Tool	Minimum Required	Reasoning
Anomaly Detection	No minimum	IQR is robust at any sample size
Subscription Hunter	50 transactions	Needs enough cycles to separate recurring from one-off
Temporal Patterns	90 days	Payday detection needs 3+ pay periods
Behavioral Correlation	90 days, 3 categories	Pearson needs variance across multiple months
Spending Impact	180 days, 5 categories	Std-dev ranking needs enough spread to be meaningful
Financial Resilience	90 days, 3 categories	Monte Carlo needs monthly distributions to simulate

If your data can't support a reliable result, the tool gets skipped and the agent tells you why. Qualified tools run in parallel via ThreadPoolExecutor, capped at 4 workers.

Categorization Cascade

"STARBUCKS" doesn't need an LLM. The rule engine handles it at 0.95 confidence with zero latency and zero cost. The harder problem is "SP * ETSY" or "AMZ*WHOLEFDS". Those go to the LLM, but LLM classifications sit at 0.75 confidence, below the 0.80 cache threshold.
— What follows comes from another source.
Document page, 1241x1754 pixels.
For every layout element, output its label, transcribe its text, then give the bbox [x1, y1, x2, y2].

This is intentional because LLM results are useful but not trustworthy enough to propagate without review.

flowchart LR
    M["Raw Merchant"] --> R{"Rule Engine"}
    R -->|"exact 0.95"| DONE["Categorized + cached"]
    R -->|"word 0.80"| DONE
    R -->|"substring 0.70"| FLAG["Categorized, flagged<br/>for re-check"]
    R -->|miss| CACHE{"Merchant Cache"}
    CACHE -->|hit| DONE
    CACHE -->|miss| LLM["LLM Batch<br/>0.75, not cached"]
    LLM --> FLAG

    USER["User Correction<br/>0.99, permanent"] --> DONE

At scale: the rule engine costs nothing. LLM fallback costs per merchant. The rule engine handles the majority of merchants for free. The LLM only touches what's ambiguous.
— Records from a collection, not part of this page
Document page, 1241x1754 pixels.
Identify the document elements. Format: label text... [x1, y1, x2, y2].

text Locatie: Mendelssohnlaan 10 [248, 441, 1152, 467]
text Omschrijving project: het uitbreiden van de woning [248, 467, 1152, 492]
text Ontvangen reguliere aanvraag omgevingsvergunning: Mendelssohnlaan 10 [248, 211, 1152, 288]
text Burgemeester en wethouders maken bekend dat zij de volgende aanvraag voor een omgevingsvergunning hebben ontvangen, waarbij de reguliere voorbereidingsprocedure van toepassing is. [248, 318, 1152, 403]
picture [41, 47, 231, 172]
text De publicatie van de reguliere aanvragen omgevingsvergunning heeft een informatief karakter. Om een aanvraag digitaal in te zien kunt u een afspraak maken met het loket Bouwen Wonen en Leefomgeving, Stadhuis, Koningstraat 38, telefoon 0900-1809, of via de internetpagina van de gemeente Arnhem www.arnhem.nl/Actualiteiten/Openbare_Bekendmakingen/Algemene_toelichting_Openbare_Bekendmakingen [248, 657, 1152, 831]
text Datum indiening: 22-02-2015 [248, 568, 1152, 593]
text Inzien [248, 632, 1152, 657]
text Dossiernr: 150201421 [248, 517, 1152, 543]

User corrections lock at 0.99 and permanently override everything. That's the most reliable signal in the system.

Cross-Tool Synthesis

The synthesizer cross-references results to find compound patterns no single tool can see:

Payday timing + spending driver = "39% of your Shopping happens in the first week after payday." Neither the temporal tool nor the spending impact tool produces this alone.
Subscription overlap + price creep = subscription costs growing from two directions simultaneously. Compounding cost growth that's invisible when viewed separately.
Spending spike + behavioral correlation = "Your Dining and Delivery tend to rise together." A spike in one looks isolated. Pearson with Benjamini-Hochberg FDR correction reveals they're linked.
Financial resilience + spending driver = "Your savings would last 8 months. Dining is where the swing is." Monte Carlo gives the runway. Spending impact tells you which lever to pull.

These cross-references run as pure computation. The LLM only explains the result afterward.
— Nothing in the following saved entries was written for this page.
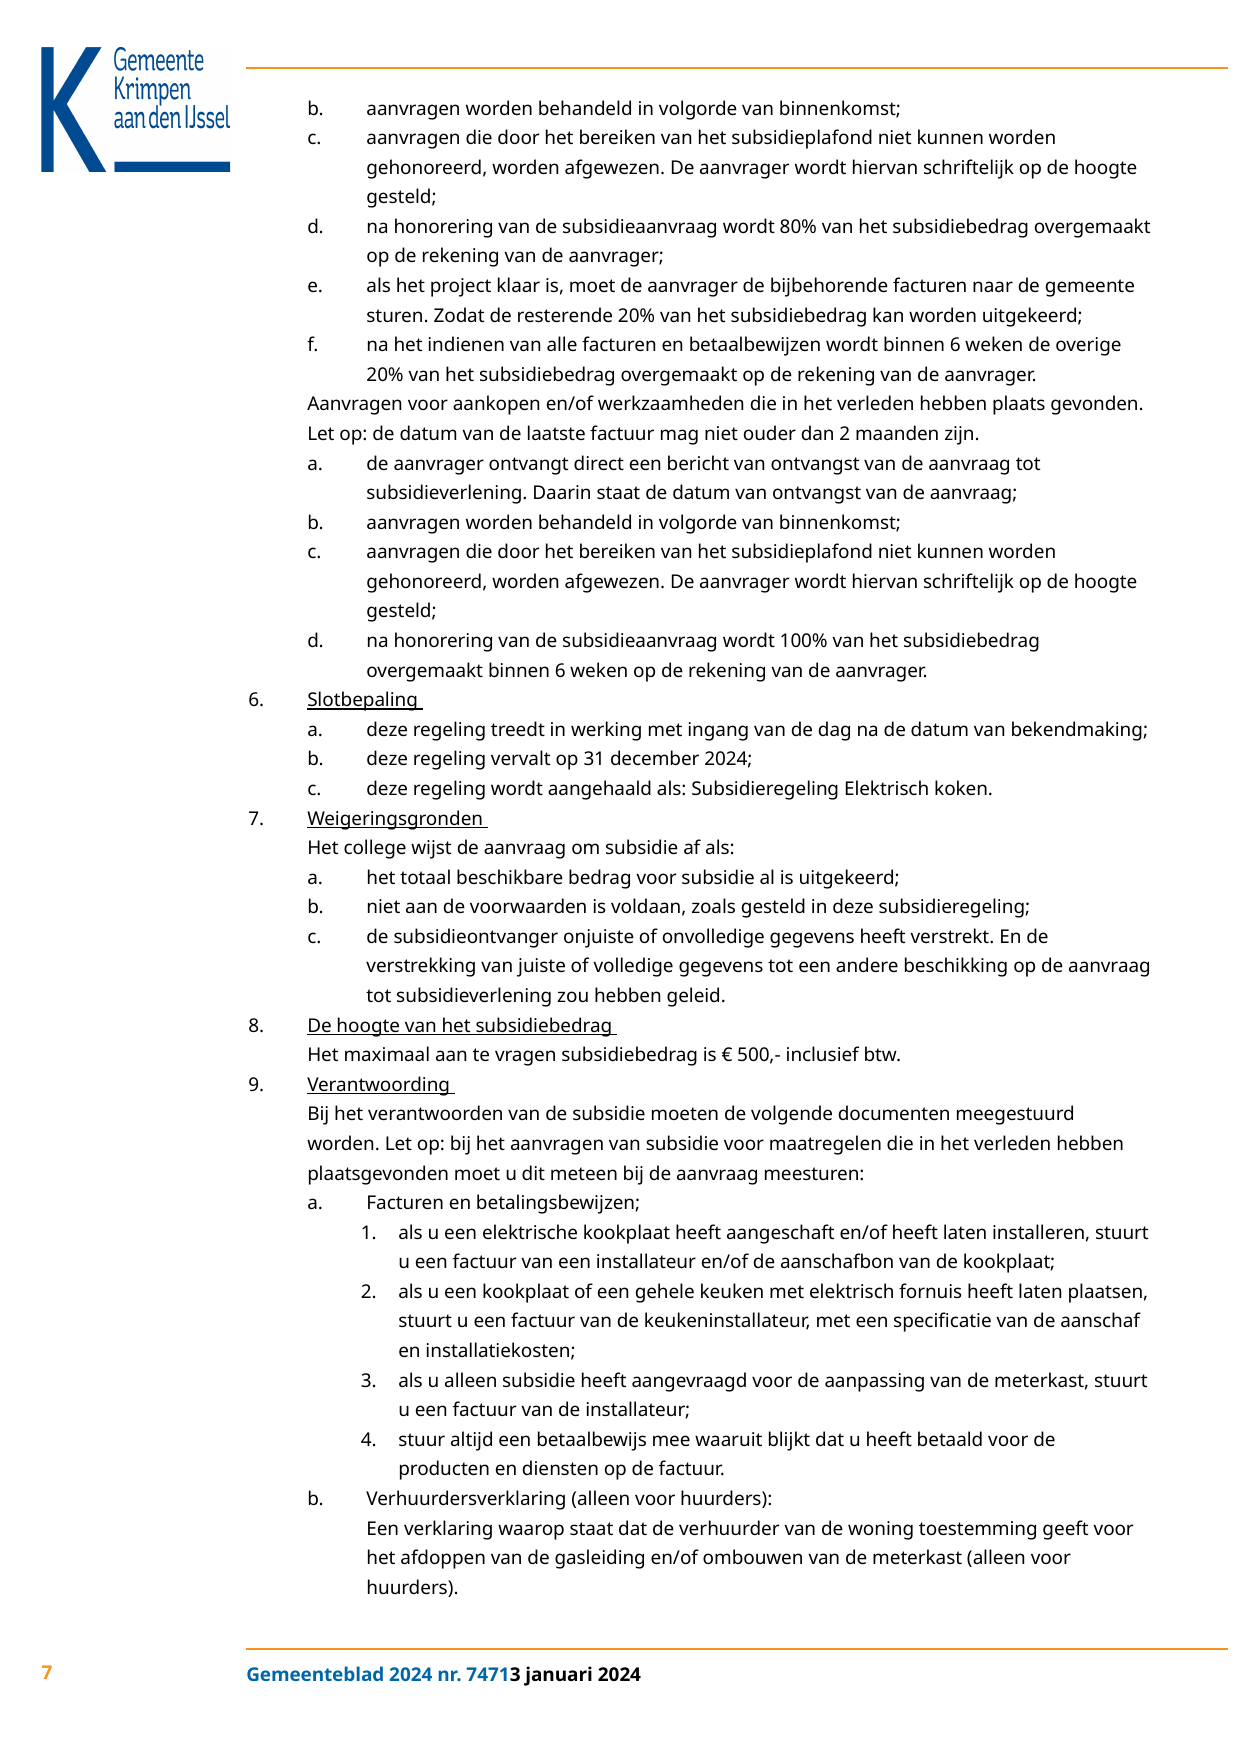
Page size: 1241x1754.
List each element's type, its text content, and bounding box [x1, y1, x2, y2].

list stuur altijd een betaalbewijs mee waaruit blijkt dat u heeft betaald voor de producten en diensten op de factuur. [361, 1426, 1152, 1481]
list Bij het verantwoorden van de subsidie moeten de volgende documenten meegestuurd worden. Let op: bij het aanvragen van subsidie voor maatregelen die in het verleden hebben plaatsgevonden moet u dit meteen bij de aanvraag meesturen: [248, 1101, 1152, 1186]
list Aanvragen voor aankopen en/of werkzaamheden die in het verleden hebben plaats gevonden. Let op: de datum van de laatste factuur mag niet ouder dan 2 maanden zijn. [248, 391, 1152, 446]
list het totaal beschikbare bedrag voor subsidie al is uitgekeerd; [307, 864, 1152, 890]
list Het maximaal aan te vragen subsidiebedrag is € 500,- inclusief btw. [248, 1041, 1152, 1067]
list aanvragen worden behandeld in volgorde van binnenkomst; [307, 509, 1152, 535]
list aanvragen worden behandeld in volgorde van binnenkomst; [307, 95, 1152, 121]
list Slotbepaling [248, 686, 1152, 712]
list Facturen en betalingsbewijzen; [307, 1189, 1152, 1215]
list Verhuurdersverklaring (alleen voor huurders): [307, 1485, 1152, 1511]
list Weigeringsgronden [248, 805, 1152, 831]
list na het indienen van alle facturen en betaalbewijzen wordt binnen 6 weken de overige 20% van het subsidiebedrag overgemaakt op de rekening van de aanvrager. [307, 331, 1152, 387]
list de aanvrager ontvangt direct een bericht van ontvangst van de aanvraag tot subsidieverlening. Daarin staat de datum van ontvangst van de aanvraag; [307, 450, 1152, 505]
list na honorering van de subsidieaanvraag wordt 100% van het subsidiebedrag overgemaakt binnen 6 weken op de rekening van de aanvrager. [307, 627, 1152, 683]
list als u een elektrische kookplaat heeft aangeschaft en/of heeft laten installeren, stuurt u een factuur van een installateur en/of de aanschafbon van de kookplaat; [361, 1219, 1152, 1274]
list na honorering van de subsidieaanvraag wordt 80% van het subsidiebedrag overgemaakt op de rekening van de aanvrager; [307, 213, 1152, 268]
list De hoogte van het subsidiebedrag [248, 1012, 1152, 1038]
list Verantwoording [248, 1071, 1152, 1097]
list deze regeling treedt in werking met ingang van de dag na de datum van bekendmaking; [307, 716, 1152, 742]
list aanvragen die door het bereiken van het subsidieplafond niet kunnen worden gehonoreerd, worden afgewezen. De aanvrager wordt hiervan schriftelijk op de hoogte gesteld; [307, 538, 1152, 623]
list als u een kookplaat of een gehele keuken met elektrisch fornuis heeft laten plaatsen, stuurt u een factuur van de keukeninstallateur, met een specificatie van de aanschaf en installatiekosten; [361, 1278, 1152, 1363]
list Het college wijst de aanvraag om subsidie af als: [248, 834, 1152, 860]
list niet aan de voorwaarden is voldaan, zoals gesteld in deze subsidieregeling; [307, 893, 1152, 919]
list deze regeling vervalt op 31 december 2024; [307, 746, 1152, 771]
picture [41, 47, 231, 172]
list als u alleen subsidie heeft aangevraagd voor de aanpassing van de meterkast, stuurt u een factuur van de installateur; [361, 1367, 1152, 1422]
list Een verklaring waarop staat dat de verhuurder van de woning toestemming geeft voor het afdoppen van de gasleiding en/of ombouwen van de meterkast (alleen voor huurders). [307, 1515, 1152, 1600]
list de subsidieontvanger onjuiste of onvolledige gegevens heeft verstrekt. En de verstrekking van juiste of volledige gegevens tot een andere beschikking op de aanvraag tot subsidieverlening zou hebben geleid. [307, 923, 1152, 1008]
list als het project klaar is, moet de aanvrager de bijbehorende facturen naar de gemeente sturen. Zodat de resterende 20% van het subsidiebedrag kan worden uitgekeerd; [307, 272, 1152, 328]
list deze regeling wordt aangehaald als: Subsidieregeling Elektrisch koken. [307, 775, 1152, 801]
list aanvragen die door het bereiken van het subsidieplafond niet kunnen worden gehonoreerd, worden afgewezen. De aanvrager wordt hiervan schriftelijk op de hoogte gesteld; [307, 124, 1152, 209]

Fact-Checking and Computation Separation

When you ask "How long would my savings last?", the conversational agent routes to the Monte Carlo simulator. 1,000 simulations run against your actual spending distributions. The LLM receives the numerical results and writes the explanation.

_fact_check_dollar_impacts() runs on every LLM-generated insight. If the LLM claims a dollar amount exceeding 2x the largest verified amount from the tools, it gets capped and confidence is downgraded from HIGH to MEDIUM.

9 computation tools handle follow-up questions: cancellation simulation, category breakdown, period comparison, merchant patterns, what-if scenarios, multi-category analysis, Monte Carlo projection, stress testing, and payday analysis. The LLM picks the right tool. The tool does the math.

Guardrails

Neutral framing. The synthesizer maintains a banned-words list and never moralizes about spending. It won't say "you spend too much on dining" or suggest cutting essentials like groceries or rent. Insights are framed as observations with dollar amounts, not judgments. The user decides what matters.

LLM cost caps. Each session tracks cumulative LLM spend. At $0.50, the system logs a warning. At $1.00, it aborts further LLM calls for that session. This prevents a runaway conversation or analysis loop from silently burning through API credits.

Session isolation. Sessions live in memory with TTL expiration and capacity-based eviction. No user transaction data touches disk. When a session expires, the data is gone. The only persistent store is the merchant cache, which maps merchant names to categories, not transactions.

Assumptions I Questioned

"Normal distributions are good enough for spending simulation." They're not. Medical bills, car repairs, and holiday spending create fat tails that normal distributions underweight. I chose them anyway because fitting per-category distributions from 6-12 months of consumer data would overfit badly. The p10/p90 confidence intervals partially compensate, but production would need heavier tails.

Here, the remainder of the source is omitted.